Adaptation to Climate Change in Asia

Adaptation to Climate Change in Asia

Edited by Sushil Vachani and Jawed Usmani

The frequency and scale of damage inflicted by climate-related disasters, including floods, drought, heat waves and hurricanes, has been increasing at an alarming rate. This volume provides a timely and thoughtful discussion of strategies for adaptation to climate change, which can complement mitigation strategies being developed by other experts throughout the world.

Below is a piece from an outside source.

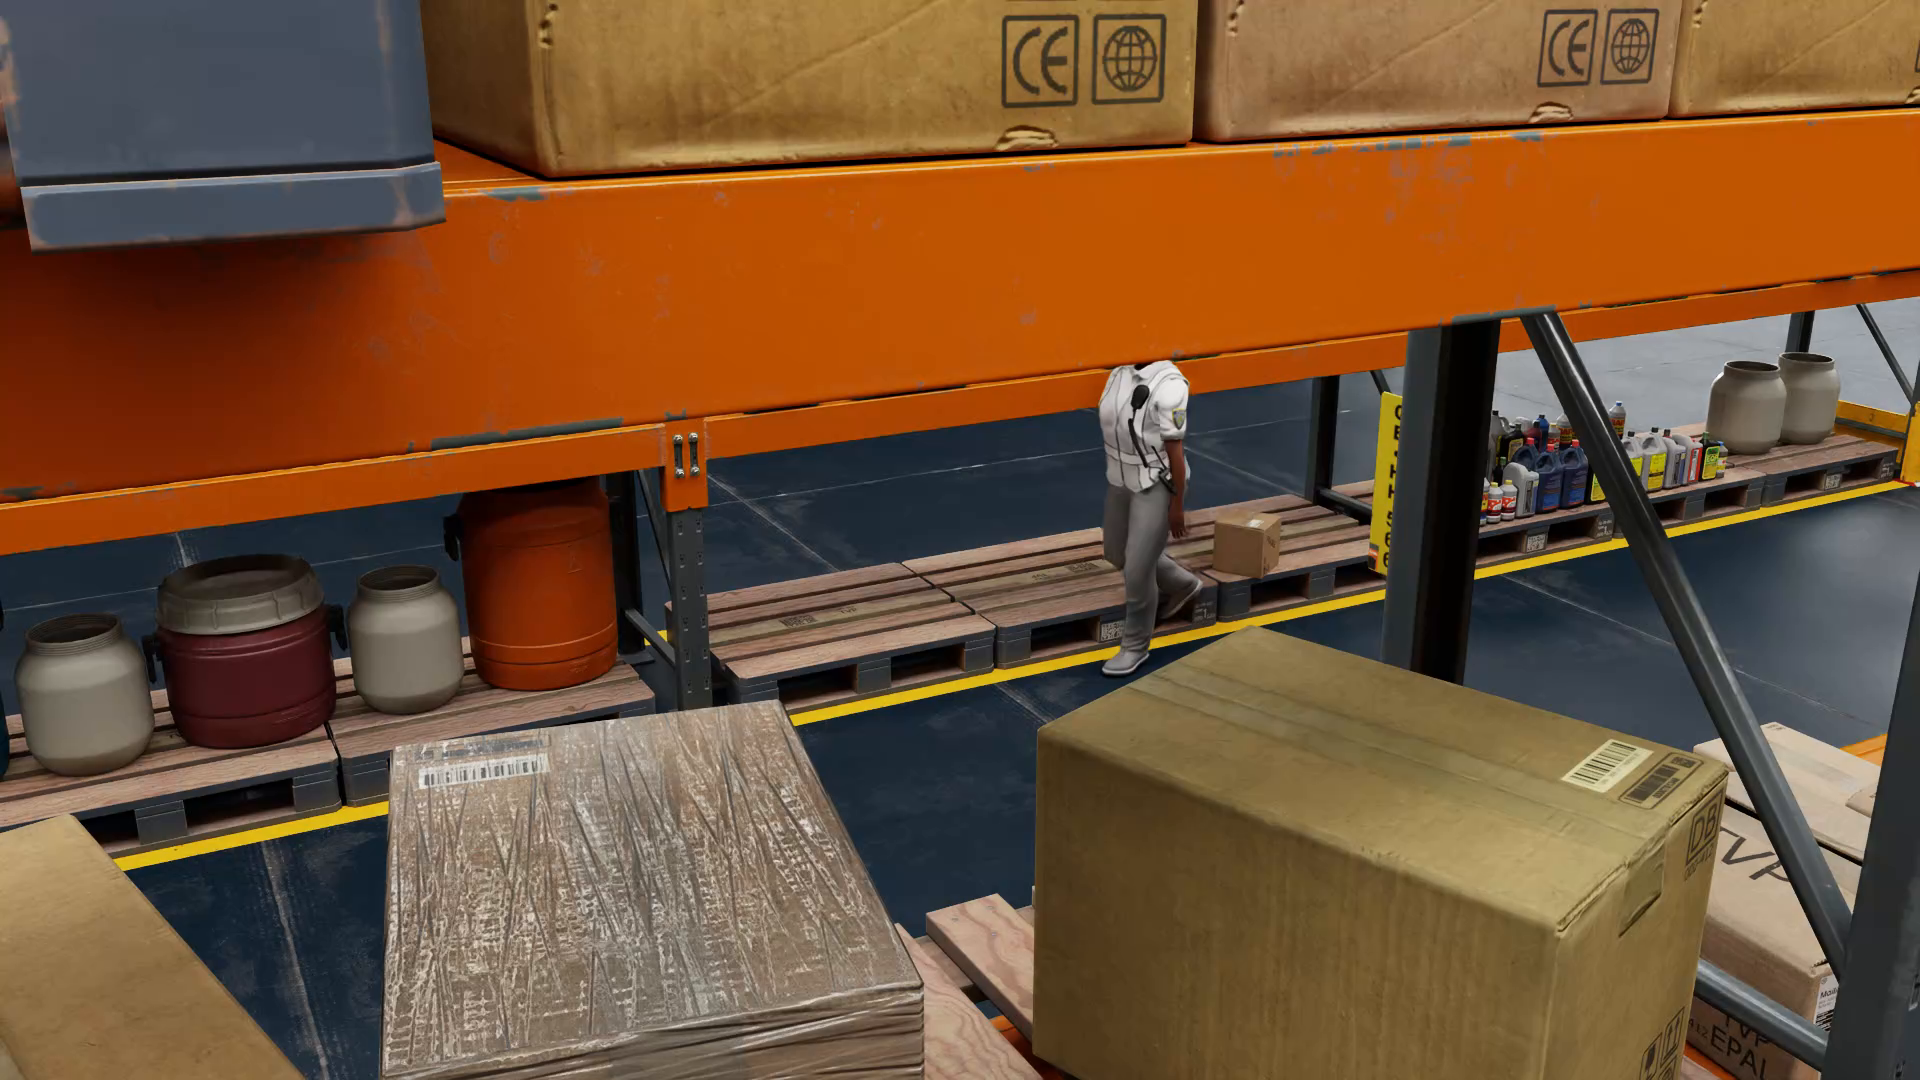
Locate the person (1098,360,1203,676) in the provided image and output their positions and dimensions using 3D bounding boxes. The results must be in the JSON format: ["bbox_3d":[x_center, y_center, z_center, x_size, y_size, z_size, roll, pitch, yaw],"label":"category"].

Chapter 3: The evolution of environmental policies in South Korea in response to climate change

Ki-Ho Kim, Hye-Jin Jung and Chankook Kim

Subjects: asian studies, asian environment, business and management, management and sustainability, development studies, asian development, environment, climate change


Throughout the period from 1960 to 1980, spurred by the enthusiastic implementation of its five-year plans for economic development, the South Korean economy grew rapidly and consistently with annual growth rates of over 7 per cent. Such economic development reached its climax as South Korea successfully hosted the 1986 Asian Games and 1988 Olympics. Unfortunately, under this intensive economic development, there was little concern about exploitation of the environment. However, in the early 1990s, the society at large was hit hard by important environmental accidents, triggering a change in citizens' awareness of the environment and creating a social consensus on its importance and value. One of the representative incidents occurred in 1991 when phenol was released into the Nakdong River, one of the four main rivers of South Korea, thereby polluting drinking water. This accident was caused as phenol concentrate flowed into the intake station in the headbay of Taegu, contaminated tap water, and resulted in severe health damage including natural abortion. As a result, the chairman of the company that caused the accident resigned, and the then Minister and Vice-Minister of the Environment took responsibility and were replaced. The citizens of Taegu - the direct victims of this accident - started group protests, and soon afterwards a nationwide boycott of the company's products was initiated (Figure 3.1).